From the first line to the last, print the material exactly, skipping the pictures.

Input data:
########################################

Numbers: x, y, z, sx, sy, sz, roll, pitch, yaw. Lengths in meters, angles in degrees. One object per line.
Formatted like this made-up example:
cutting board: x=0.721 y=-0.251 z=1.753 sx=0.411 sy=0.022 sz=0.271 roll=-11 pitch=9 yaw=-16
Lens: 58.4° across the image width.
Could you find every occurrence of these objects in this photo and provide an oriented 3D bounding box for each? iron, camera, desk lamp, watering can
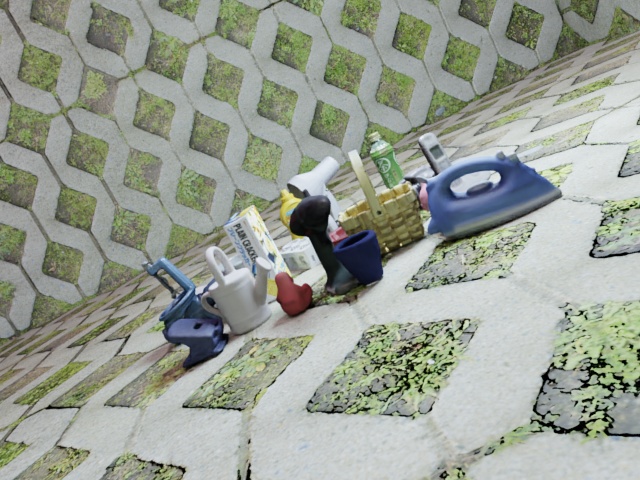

########################################

Solution to the problem:
Numbers: x, y, z, sx, sy, sz, roll, pitch, yaw. Lengths in meters, angles in degrees. One object per line.
Formatted like this made-up example:
cutting board: x=0.721 y=-0.251 z=1.753 sx=0.411 sy=0.022 sz=0.271 roll=-11 pitch=9 yaw=-16
Lens: 58.4° across the image width.
Could you find every occurrence of these objects in this photo and provide an oriented 3D bounding box for each? iron, camera, desk lamp, watering can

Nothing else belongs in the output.